Updated 12:05 p.m., Nov. 7

Unofficial results with 100 percent of vote centers reporting show voters approved the Fort Bend ISD bond. All voting centers have reported.

The $992.6 million bond on the ballot was the first phase of a $1.7 billion capital plan. Administrators split the $1.7 billion bond into two and will ask voters for a similar outcome in 2021, when an estimated $705.5 million bond will go before voters.

There were 118,740 votes, with 88,715 votes in favor of the bond, or 74.71 percent, and 30,025 votes against, or 25.29 percent.

Funds from this bond are earmarked mainly for capital projects and include funding for land acquisition, school construction and renovations, system improvements and maintenance work.

Typically, bond funds are used to pay for capital investment, which may include construction, acquisition, equipment, including technology, as well as maintenance and renovation of buildings. It can also go toward acquisition or purchase of property for construction of new schools or to purchase new school buses.

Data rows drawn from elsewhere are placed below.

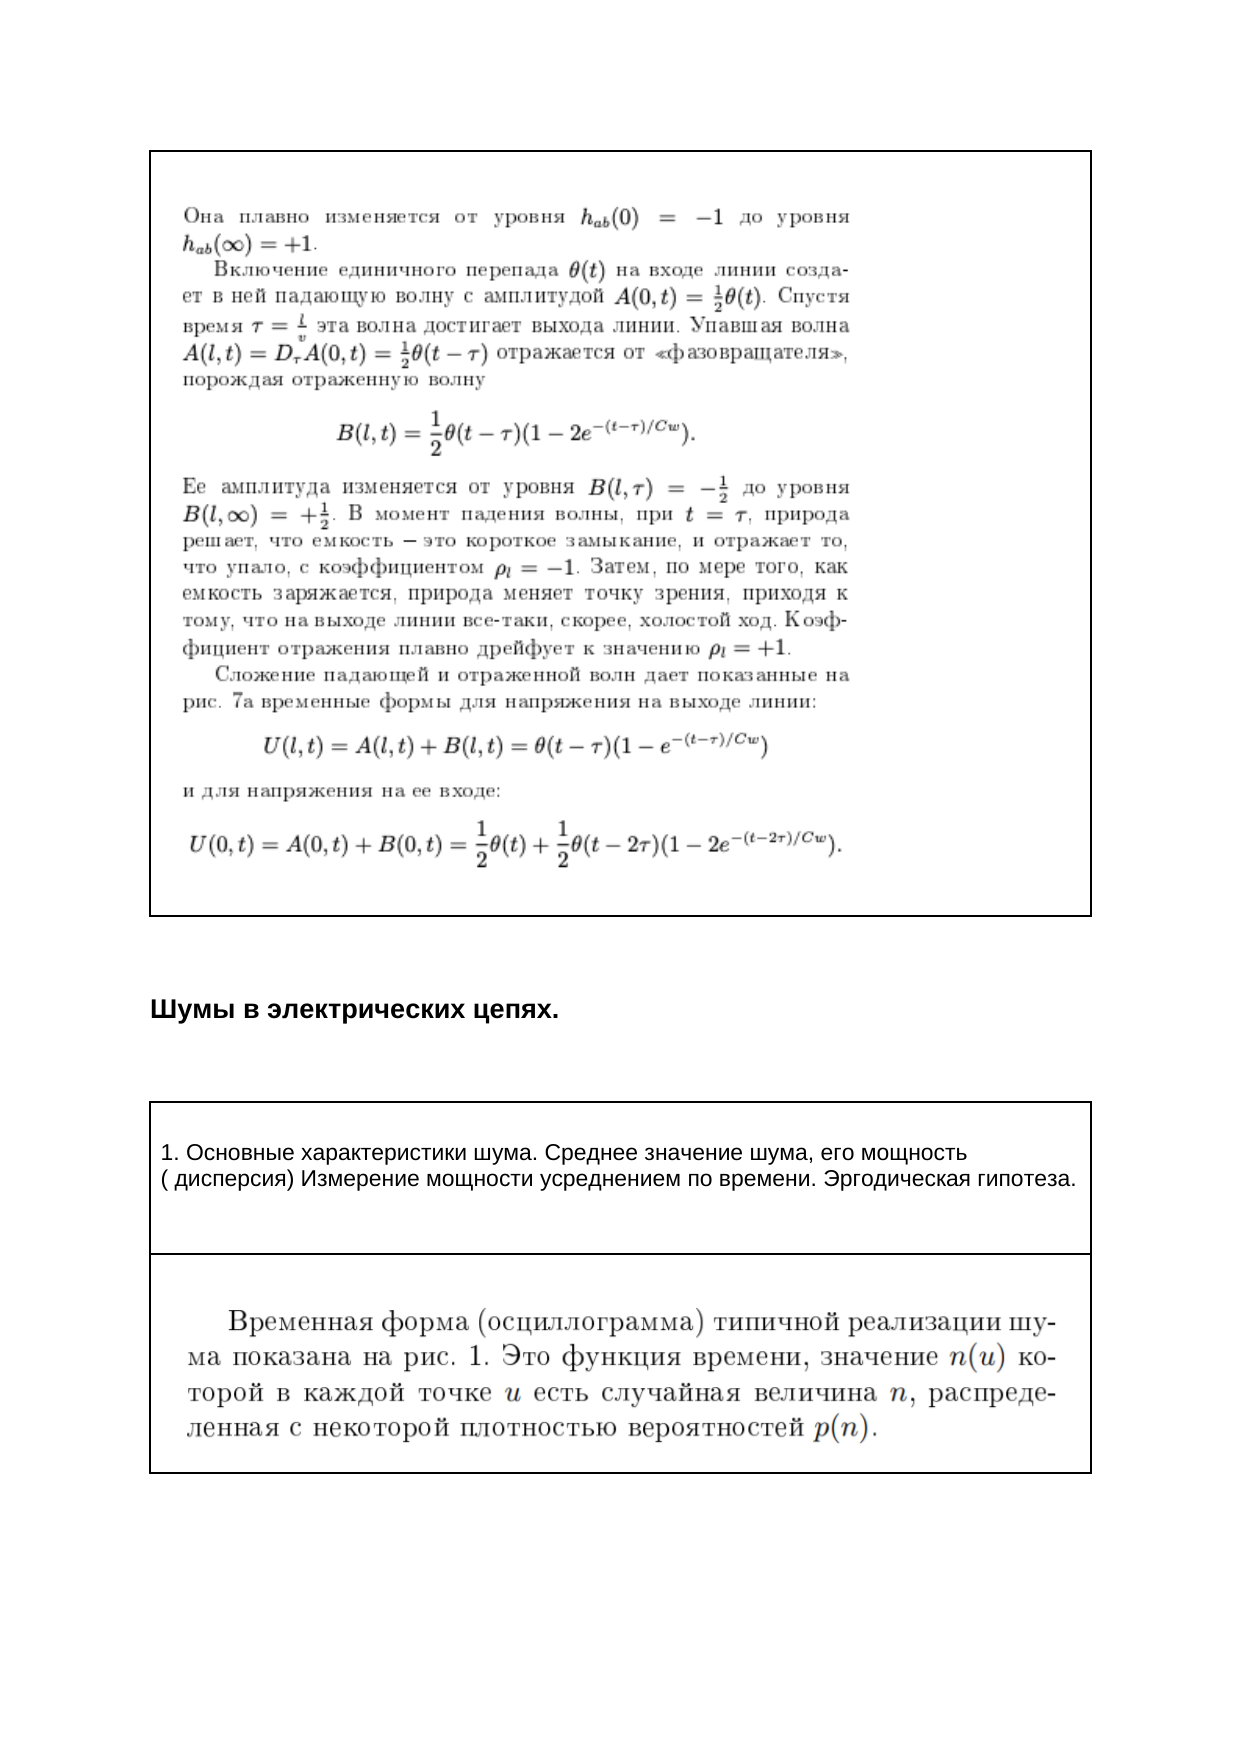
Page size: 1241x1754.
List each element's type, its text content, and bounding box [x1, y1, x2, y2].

table_cell [151, 152, 1090, 915]
picture [160, 1290, 1078, 1462]
table_cell [151, 1255, 1090, 1472]
picture [160, 187, 895, 880]
text Шумы в электрических цепях. [150, 993, 1090, 1025]
table_header 1. Основные характеристики шума. Среднее значение шума, его мощность ( дисперсия) Измерение мощности усреднением по времени. Эргодическая гипотеза. [151, 1103, 1090, 1253]
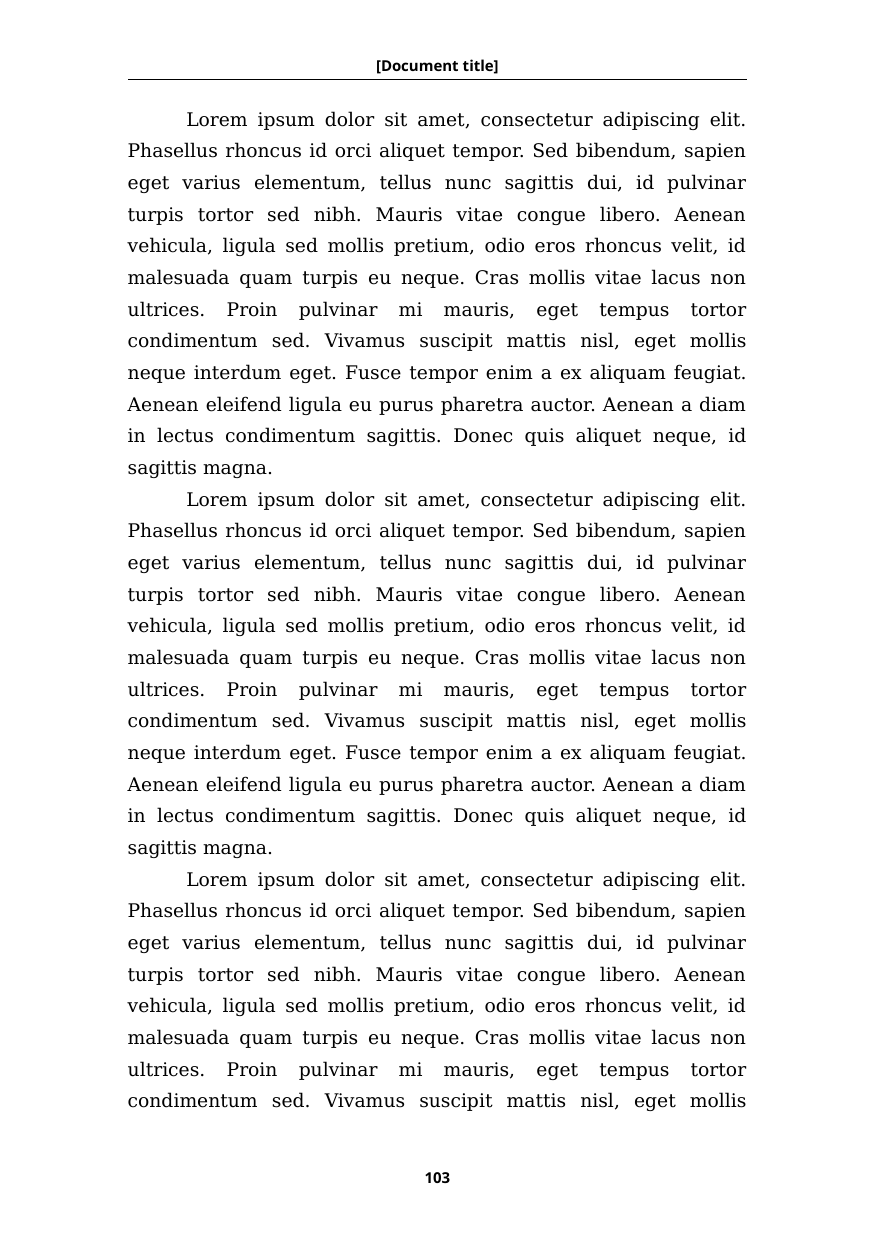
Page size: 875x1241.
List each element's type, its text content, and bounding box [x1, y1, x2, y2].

text Lorem ipsum dolor sit amet, consectetur adipiscing elit. Phasellus rhoncus id orci aliquet tempor. Sed bibendum, sapien eget varius elementum, tellus nunc sagittis dui, id pulvinar turpis tortor sed nibh. Mauris vitae congue libero. Aenean vehicula, ligula sed mollis pretium, odio eros rhoncus velit, id malesuada quam turpis eu neque. Cras mollis vitae lacus non ultrices. Proin pulvinar mi mauris, eget tempus tortor condimentum sed. Vivamus suscipit mattis nisl, eget mollis [127, 869, 747, 1112]
text Lorem ipsum dolor sit amet, consectetur adipiscing elit. Phasellus rhoncus id orci aliquet tempor. Sed bibendum, sapien eget varius elementum, tellus nunc sagittis dui, id pulvinar turpis tortor sed nibh. Mauris vitae congue libero. Aenean vehicula, ligula sed mollis pretium, odio eros rhoncus velit, id malesuada quam turpis eu neque. Cras mollis vitae lacus non ultrices. Proin pulvinar mi mauris, eget tempus tortor condimentum sed. Vivamus suscipit mattis nisl, eget mollis neque interdum eget. Fusce tempor enim a ex aliquam feugiat. Aenean eleifend ligula eu purus pharetra auctor. Aenean a diam in lectus condimentum sagittis. Donec quis aliquet neque, id sagittis magna. [127, 489, 747, 859]
text Lorem ipsum dolor sit amet, consectetur adipiscing elit. Phasellus rhoncus id orci aliquet tempor. Sed bibendum, sapien eget varius elementum, tellus nunc sagittis dui, id pulvinar turpis tortor sed nibh. Mauris vitae congue libero. Aenean vehicula, ligula sed mollis pretium, odio eros rhoncus velit, id malesuada quam turpis eu neque. Cras mollis vitae lacus non ultrices. Proin pulvinar mi mauris, eget tempus tortor condimentum sed. Vivamus suscipit mattis nisl, eget mollis neque interdum eget. Fusce tempor enim a ex aliquam feugiat. Aenean eleifend ligula eu purus pharetra auctor. Aenean a diam in lectus condimentum sagittis. Donec quis aliquet neque, id sagittis magna. [127, 109, 747, 479]

"We have been planning for months so that we can get on the ground almost immediately," said FBISD Board of Trustees President Jason Burdine, "This comes on the heels of our 2014 program, and we are excited to built upon success we have had. We have learned many lessons, and that will lead to more deliberate program delivery."

The board's plan is to "touch every building in our district within the next year," he said, as well as to show taxpayers that promised work is being done so that when the other phase of the bond goes before voters in 2021, it will also be approved.

Fort Bend ISD, in a series of videos, explained that if approved, taxpayers would likely see a 3-cent increase in the tax rate anticipated to take place by 2020. The tax rate has been $1.32 per $100 valuation since 2017.

Steven Bassett, chief financial officer of FBISD, said the 3-cent increase would give Fort Bend a tax rate of $1.35 per $100 valuation. Even with that increase, FBISD would have one of the lowest local school district tax rates in the Houston area, he said. Katy ISD’s rate is $1.5166 per $100 valuation and Cy-Fair ISD’s is $1.44 per $100 valuation, according to FBISD documents.

Community Impact Newspaper reported an increase could mean an additional $76 on the average homeowner’s tax bill, based on the current average taxable value of a home in FBISD, which is $255,111.

FBISD’s bond was one of 35 on the ballot for voters across the state, including a $480.5 million bond for Alvin ISD that also passed on Nov. 6.